Interessanterweise kann man Ökonomie studieren, ohne einer Theorie der Willenskraft zu begegnen oder auch schon nur schon einer Theorie, in der Willenskraft eine Rolle spielt. Dabei belegen Studien längst in eindrücklichster Weise ihre Wichtigkeit. Im berühmten Marshmallow-Experiment wurde kleinen Kindern eine duftende Süssigkeit vor die Nase gesetzt und der Versuchsleiter stellte klar, dass das Kind die doppelte Ration bekommt, wenn es diese hier nicht isst, bis der Versuchsleiter zurückkommt, worauf er den Raum verliess. Hinterhältigerweise wartete er aber so lange, bis das Marshmallow verschlungen war. So konnte man feststellen, wie lange die Kleinen der Versuchung standhielten. Dieser Versuch aus den 70er-Jahren wäre wohl in Vergessenheit geraten, wenn nicht über zwei Jahrzehnte später Daten der mittlerweile erwachsenen Probanden des damaligen Tests erhoben worden wären. Es zeigte sich, dass die mit dem Marshmallow-Test gemessene Willenskraft eine erstaunlich hohe Vorhersagekraft auf den beruflichen Erfolg hatte. Zu diesem Zeitpunkt konnte man aber nicht sicher sein, ob diese Willenskraft vielleicht einfach nur angeboren war. Mittlerweile haben sich mindestens drei Faktoren gezeigt, wie man die eigene Willenskraft beeinflussen kann.

Der erste Faktor betrifft unseren Körper.  Wenn wir unsere Muskeln anspannen, sind wir eher in der Lage, einen unangenehmen, aber richtigen Entscheid zu treffen. Das bedeutet, wenn wir uns bewusst sind, dass wir einen wichtigen, unangenehmen Entscheid treffen müssen, können wir einen einfachen Trick anwenden: Erst die Muskeln anspannen, dann entscheiden. Das hilft.
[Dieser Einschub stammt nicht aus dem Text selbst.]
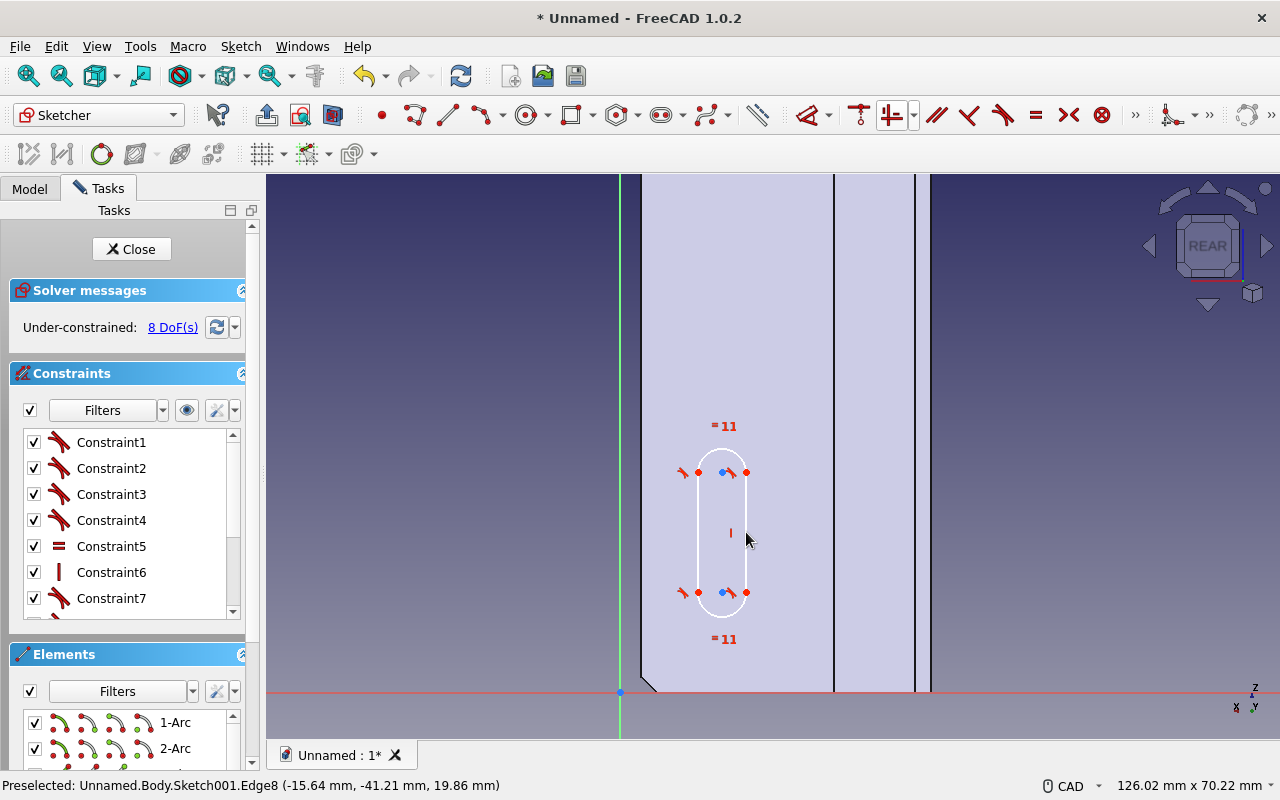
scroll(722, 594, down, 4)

Der zweite Faktor betrifft die mentale Erschöpfung. Versuchungen zu widerstehen ist anstrengend. Die Wahrscheinlichkeit einer aktuellen Verlockung nachzugeben ist höher, wenn wir kurz vorher bereits ein, zwei Versuchung standhalten mussten. Die Regel, dass man nie hungrig zum Einkaufen gehen sollte, fusst letztlich auf diesem Effekt. Man kann mit dieser Erkenntnis aber noch mehr Praktisches anfangen: Wenn Sie Ihrer Vorgesetzten ein tolles, aber riskantes Projekt vorstellen und ihre Unterstützung gewinnen wollen, achten Sie darauf, dass Sie es möglichst früh am Morgen präsentieren. Dann ist die Willenskraft Ihrer Vorgesetzten am grössten und ebenso die Wahrscheinlichkeit, dass sie Ihr gutes, aber unkonventionelles Projekt genehmigen wird. Wenn das nicht geht, dann finden Sie wenigstens einen Termin direkt nach dem Mittagessen.
Der dritte Faktor sind die Rahmenbedingungen unseres Alltags. Wer Gewicht abnehmen möchte und sein  Arbeitsweg führt an einem Schnellimbiss vorbei, hat massiv schlechtere Chancen, das eigene Ziel zu erreichen. Sich einen anderen, womöglich zwei Minuten längeren Arbeitsweg anzugewöhnen braucht wahrscheinlich weniger Willenskraft als täglich zu widerstehen und steigert die Erfolgschancen enorm. „Führe uns nicht in Versuchung“ wäre demnach weniger als frommer Wunsch zu verstehen, denn als Bedienungsanleitung für die Gestaltung des eigenen Alltags.
Zugegeben, Willenskraft ist nicht alles. Zuerst müsste man ja wissen, welches überhaupt der richtige Entscheid ist. Falls Sie da noch unschlüssig sind, dann wünsche ich Ihnen, dass Sie, um die Frage zu klären, die nötige Willenskraft aufbringen.